- _Problem details_: Below are records; reproduce exactly the lines from the one that has "The image spans 87.0° horizontally." through the one that has "- car (994,668,1108,733)", ends included, and nothing more.

*** Records shown ***

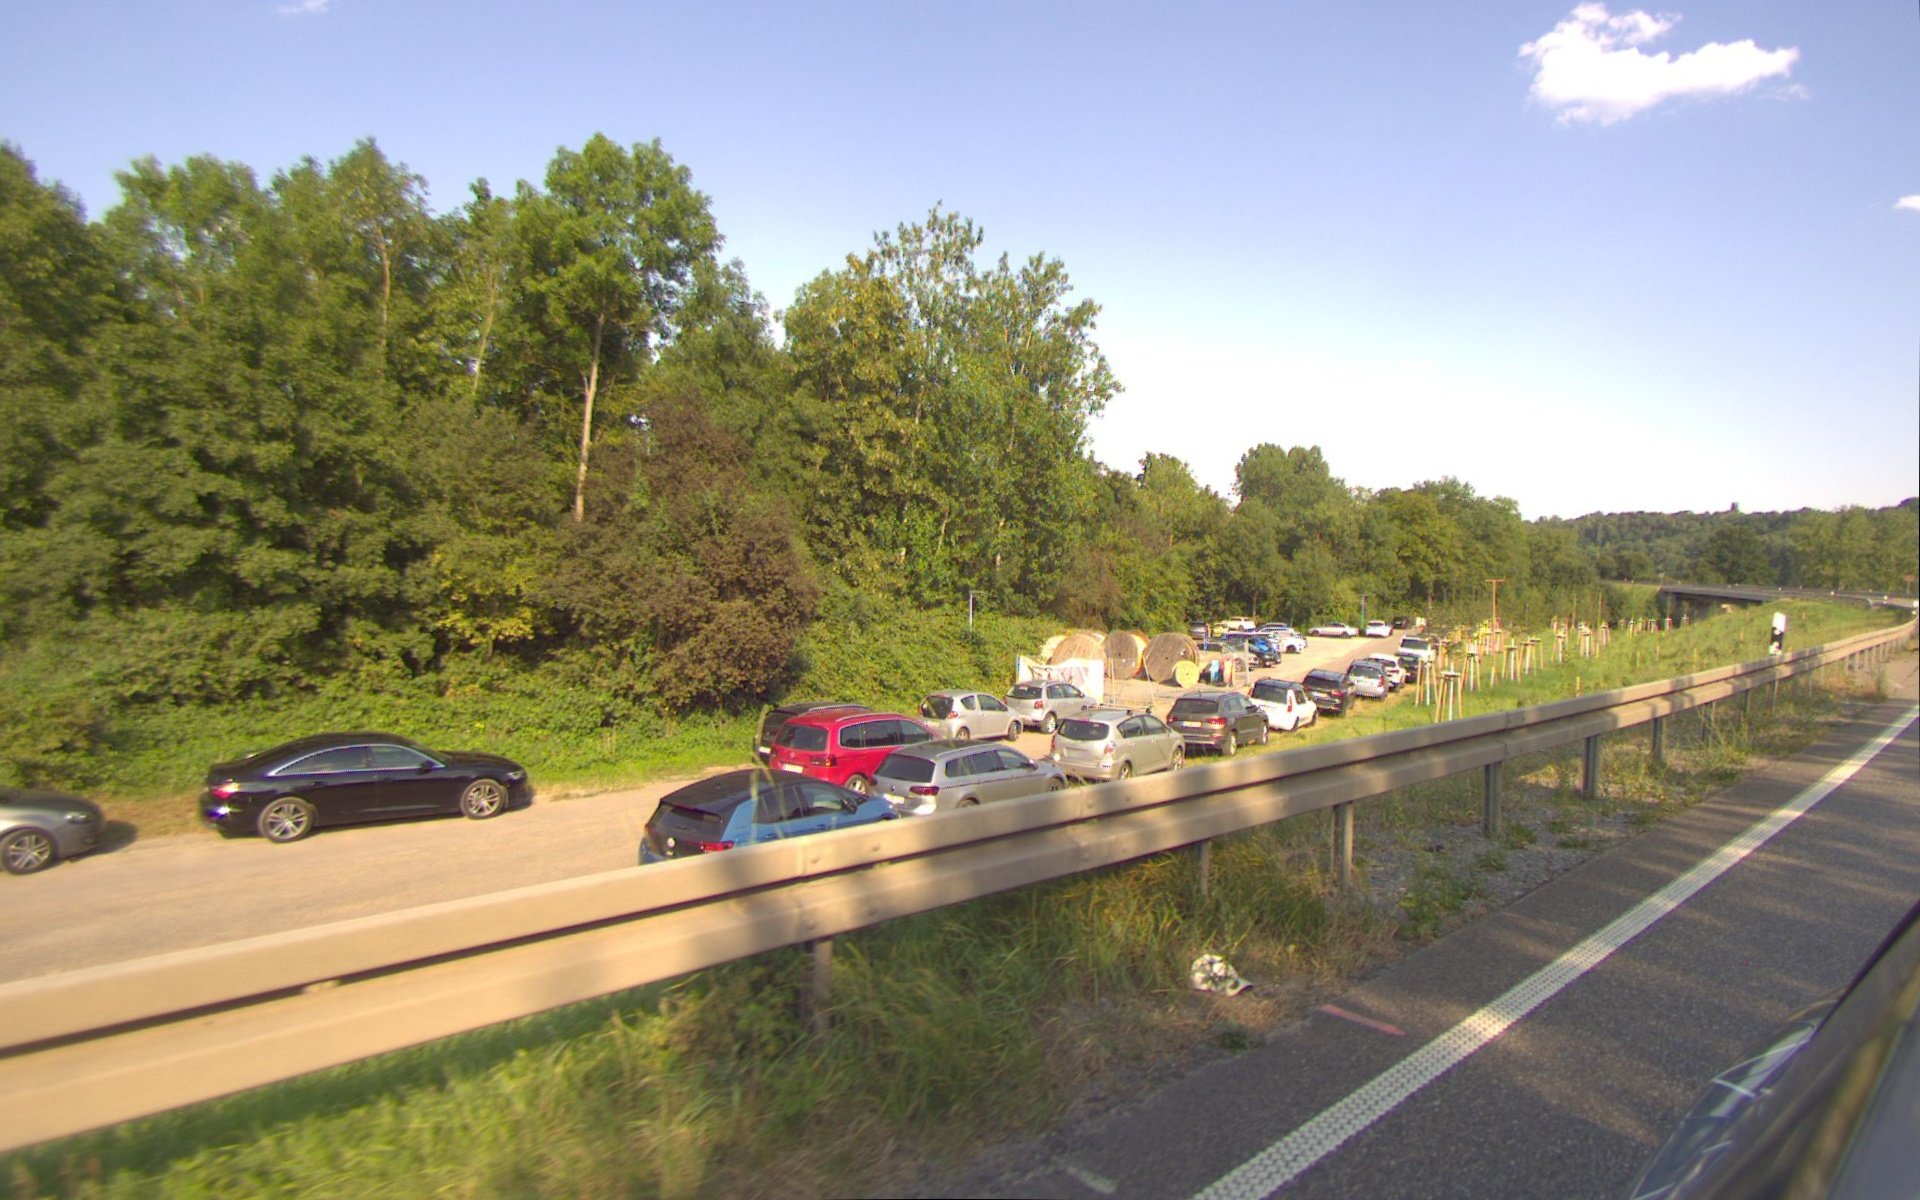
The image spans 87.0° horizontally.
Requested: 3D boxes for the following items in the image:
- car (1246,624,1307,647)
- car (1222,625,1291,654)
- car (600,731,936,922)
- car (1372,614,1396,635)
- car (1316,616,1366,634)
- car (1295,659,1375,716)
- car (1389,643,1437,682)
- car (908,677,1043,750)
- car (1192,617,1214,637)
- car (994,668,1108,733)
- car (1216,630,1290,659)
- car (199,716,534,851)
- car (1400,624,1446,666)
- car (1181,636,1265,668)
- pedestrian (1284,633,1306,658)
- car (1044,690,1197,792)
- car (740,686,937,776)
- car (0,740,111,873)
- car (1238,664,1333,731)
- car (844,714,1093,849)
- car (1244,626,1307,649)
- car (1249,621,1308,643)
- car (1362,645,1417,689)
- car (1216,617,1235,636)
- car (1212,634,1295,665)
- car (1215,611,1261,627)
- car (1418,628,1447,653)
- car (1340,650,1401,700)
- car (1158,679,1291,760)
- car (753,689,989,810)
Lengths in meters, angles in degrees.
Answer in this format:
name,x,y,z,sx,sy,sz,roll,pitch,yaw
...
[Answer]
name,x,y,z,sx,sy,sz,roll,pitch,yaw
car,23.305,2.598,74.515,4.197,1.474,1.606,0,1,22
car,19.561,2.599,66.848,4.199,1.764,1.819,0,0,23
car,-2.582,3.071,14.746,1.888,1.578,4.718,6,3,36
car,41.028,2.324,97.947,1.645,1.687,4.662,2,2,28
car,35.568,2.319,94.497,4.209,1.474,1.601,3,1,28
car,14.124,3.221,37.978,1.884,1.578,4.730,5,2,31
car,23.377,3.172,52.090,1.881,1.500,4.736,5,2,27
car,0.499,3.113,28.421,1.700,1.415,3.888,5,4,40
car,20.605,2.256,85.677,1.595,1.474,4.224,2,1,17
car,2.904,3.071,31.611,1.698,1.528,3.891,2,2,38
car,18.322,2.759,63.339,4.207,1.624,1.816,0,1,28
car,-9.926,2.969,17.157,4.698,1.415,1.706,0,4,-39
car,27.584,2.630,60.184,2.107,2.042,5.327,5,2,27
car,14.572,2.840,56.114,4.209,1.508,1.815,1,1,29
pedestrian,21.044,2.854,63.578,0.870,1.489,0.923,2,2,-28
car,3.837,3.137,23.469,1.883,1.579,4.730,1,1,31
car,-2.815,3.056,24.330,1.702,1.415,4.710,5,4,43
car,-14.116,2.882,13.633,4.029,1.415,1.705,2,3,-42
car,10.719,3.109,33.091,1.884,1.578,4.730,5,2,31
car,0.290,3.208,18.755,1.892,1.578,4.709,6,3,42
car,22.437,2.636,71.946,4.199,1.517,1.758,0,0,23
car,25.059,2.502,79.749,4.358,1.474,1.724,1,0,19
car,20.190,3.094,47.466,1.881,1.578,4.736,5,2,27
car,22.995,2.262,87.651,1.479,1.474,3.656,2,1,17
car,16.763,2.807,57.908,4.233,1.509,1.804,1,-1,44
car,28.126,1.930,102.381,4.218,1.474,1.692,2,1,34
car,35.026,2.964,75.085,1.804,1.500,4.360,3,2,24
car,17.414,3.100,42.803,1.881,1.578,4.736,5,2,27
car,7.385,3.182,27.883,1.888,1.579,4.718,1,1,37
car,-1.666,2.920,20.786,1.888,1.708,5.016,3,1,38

*** End of Records shown ***
*** Records shown ***

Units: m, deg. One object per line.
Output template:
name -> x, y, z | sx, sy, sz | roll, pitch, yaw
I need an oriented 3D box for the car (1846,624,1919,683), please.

*** End of Records shown ***
*** Records shown ***

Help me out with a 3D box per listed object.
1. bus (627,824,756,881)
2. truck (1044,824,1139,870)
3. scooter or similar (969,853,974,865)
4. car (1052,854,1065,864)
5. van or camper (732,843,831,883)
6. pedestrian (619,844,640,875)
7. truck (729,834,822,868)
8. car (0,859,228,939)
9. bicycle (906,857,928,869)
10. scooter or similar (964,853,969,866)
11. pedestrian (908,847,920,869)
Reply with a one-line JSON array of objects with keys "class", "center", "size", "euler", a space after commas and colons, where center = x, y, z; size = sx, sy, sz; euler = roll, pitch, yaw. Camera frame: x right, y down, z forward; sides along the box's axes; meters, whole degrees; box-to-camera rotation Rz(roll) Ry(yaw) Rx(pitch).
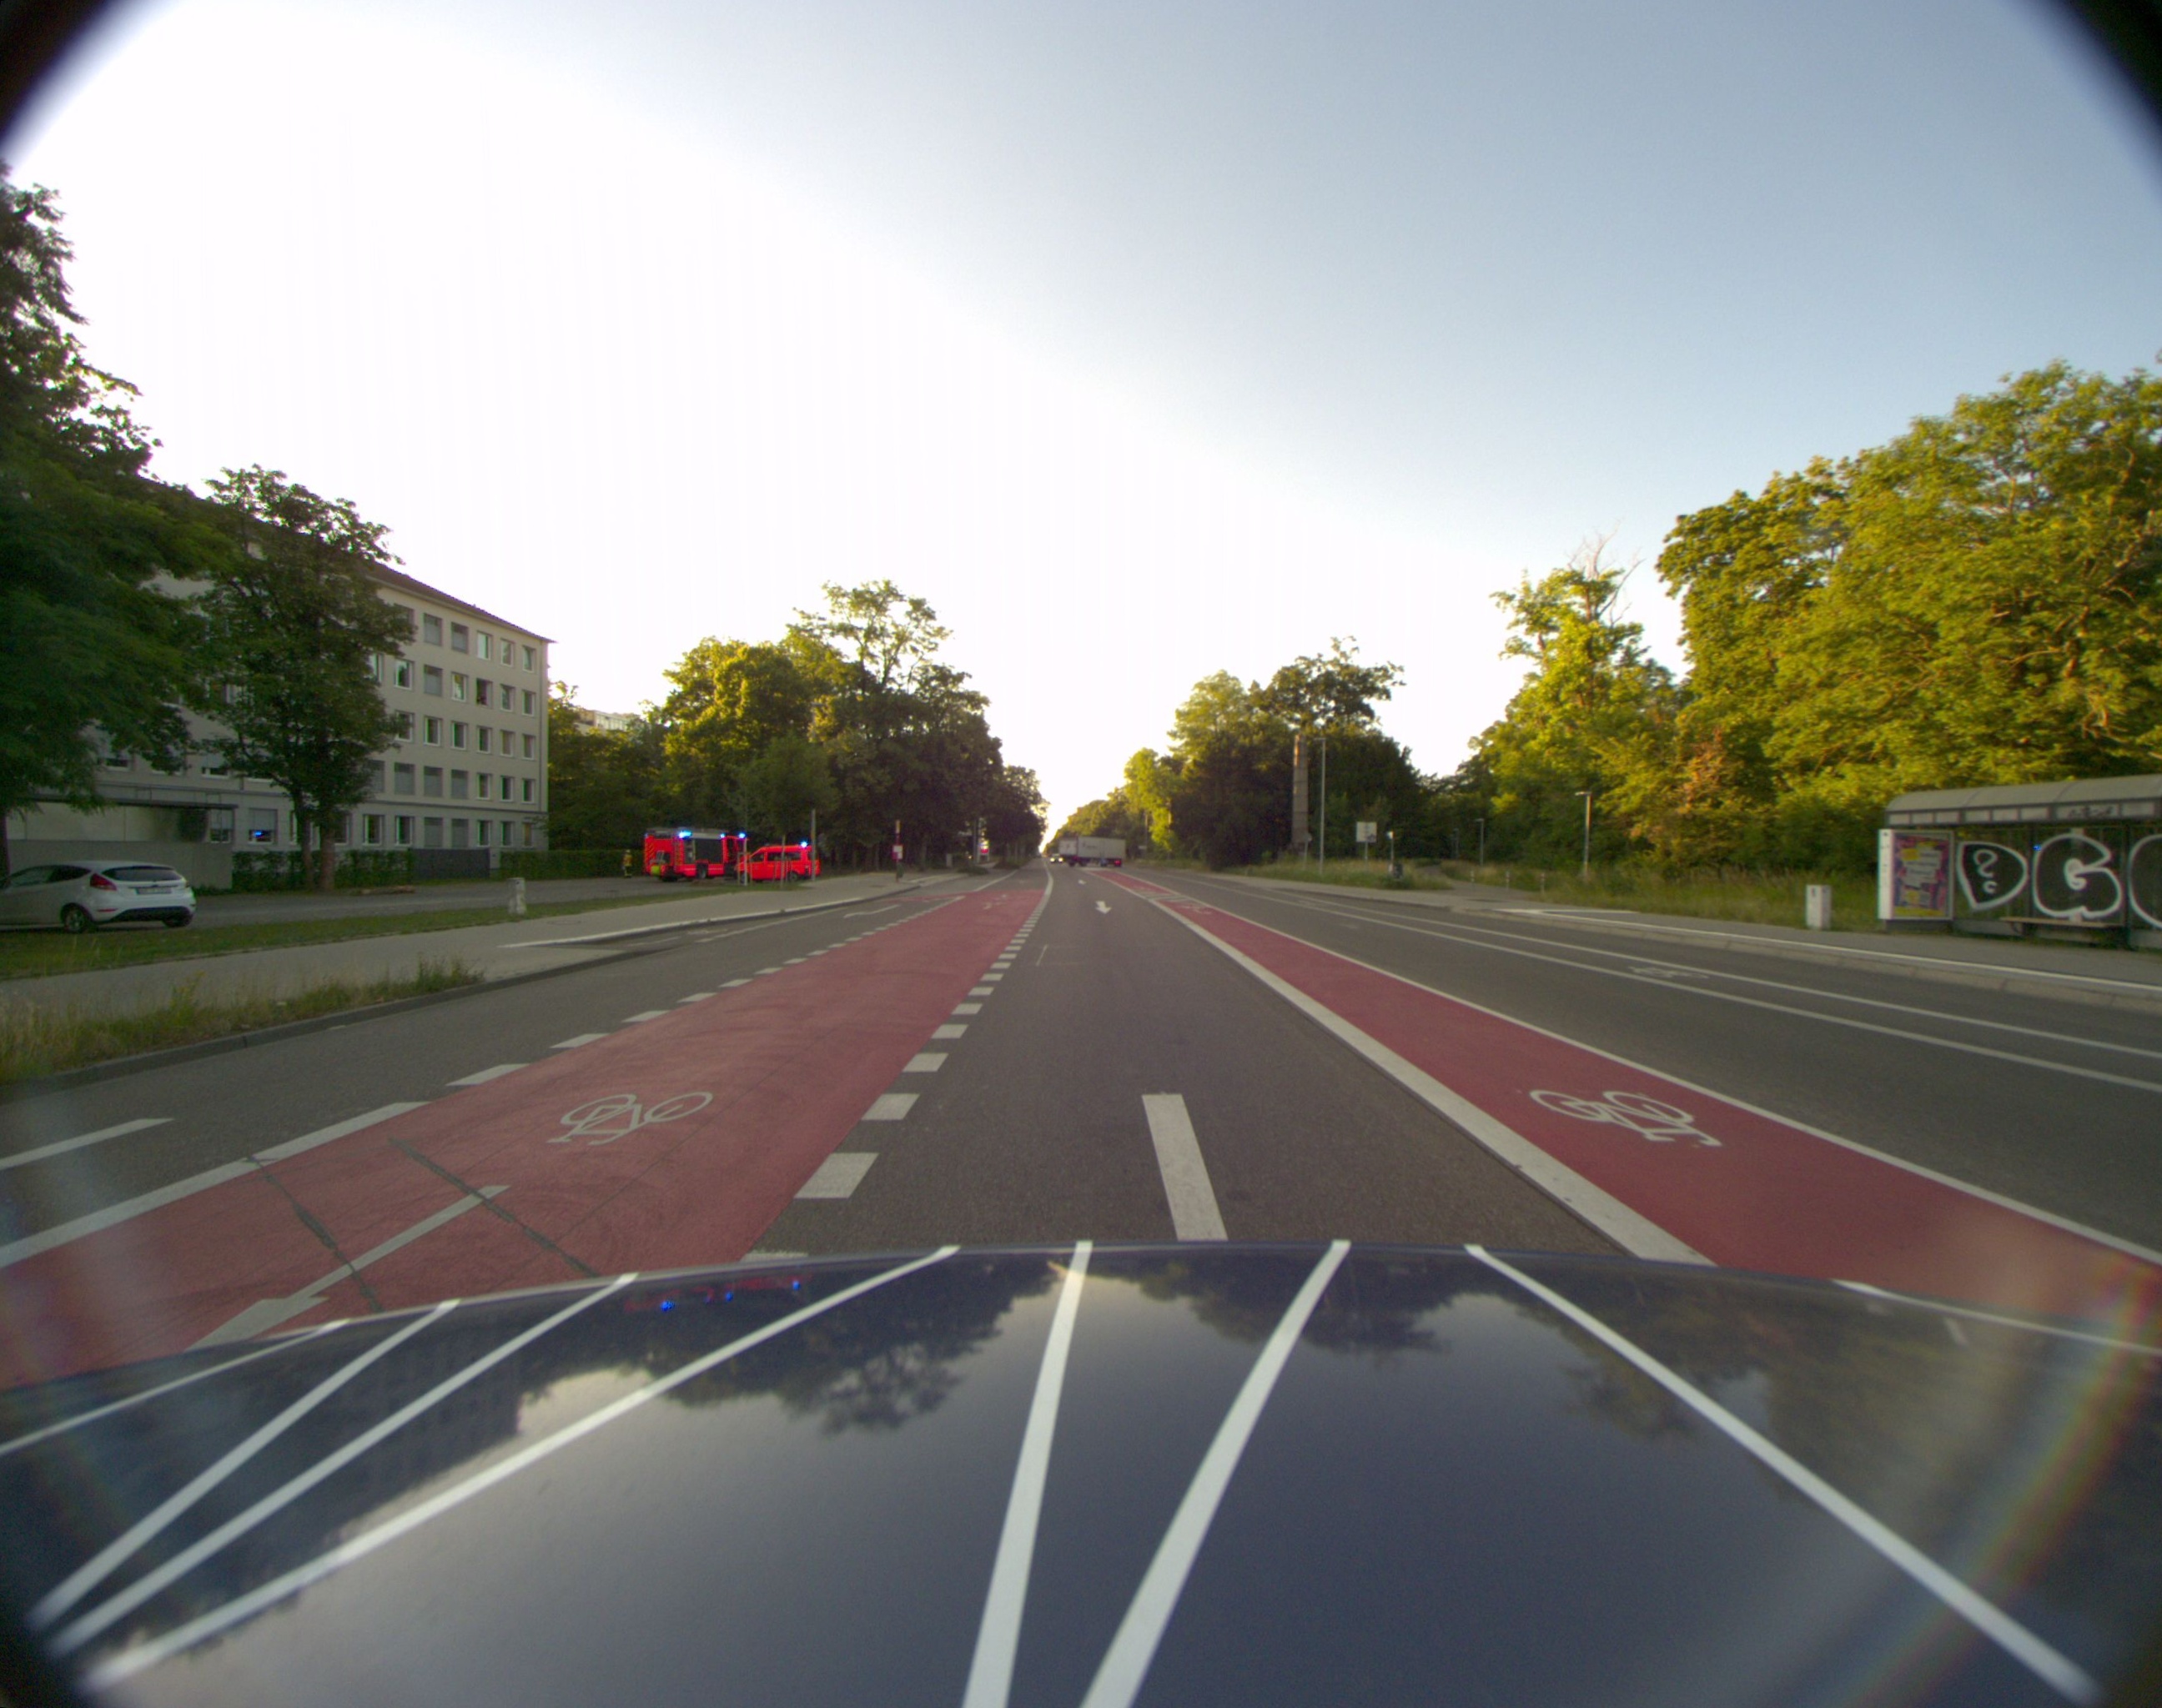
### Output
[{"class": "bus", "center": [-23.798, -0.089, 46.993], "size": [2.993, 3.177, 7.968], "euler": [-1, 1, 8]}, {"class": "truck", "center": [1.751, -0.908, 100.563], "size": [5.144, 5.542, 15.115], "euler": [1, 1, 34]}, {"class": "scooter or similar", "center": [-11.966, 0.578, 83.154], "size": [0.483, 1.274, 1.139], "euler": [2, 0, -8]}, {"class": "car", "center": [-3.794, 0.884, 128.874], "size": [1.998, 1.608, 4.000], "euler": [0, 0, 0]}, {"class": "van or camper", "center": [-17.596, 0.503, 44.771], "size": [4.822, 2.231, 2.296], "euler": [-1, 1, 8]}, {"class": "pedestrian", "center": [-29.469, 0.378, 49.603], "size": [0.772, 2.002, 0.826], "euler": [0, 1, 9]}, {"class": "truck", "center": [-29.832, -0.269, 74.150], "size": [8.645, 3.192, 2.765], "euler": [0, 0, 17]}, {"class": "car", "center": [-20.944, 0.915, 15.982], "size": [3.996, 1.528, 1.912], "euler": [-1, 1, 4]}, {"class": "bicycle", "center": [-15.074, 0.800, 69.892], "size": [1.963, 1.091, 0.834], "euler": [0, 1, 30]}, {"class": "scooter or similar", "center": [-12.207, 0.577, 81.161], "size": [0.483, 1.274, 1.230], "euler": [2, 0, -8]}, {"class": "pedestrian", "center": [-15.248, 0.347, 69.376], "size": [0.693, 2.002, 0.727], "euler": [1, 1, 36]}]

*** End of Records shown ***

- _Problem solution_:
The image spans 87.0° horizontally.
Requested: 3D boxes for the following items in the image:
- car (1246,624,1307,647)
- car (1222,625,1291,654)
- car (600,731,936,922)
- car (1372,614,1396,635)
- car (1316,616,1366,634)
- car (1295,659,1375,716)
- car (1389,643,1437,682)
- car (908,677,1043,750)
- car (1192,617,1214,637)
- car (994,668,1108,733)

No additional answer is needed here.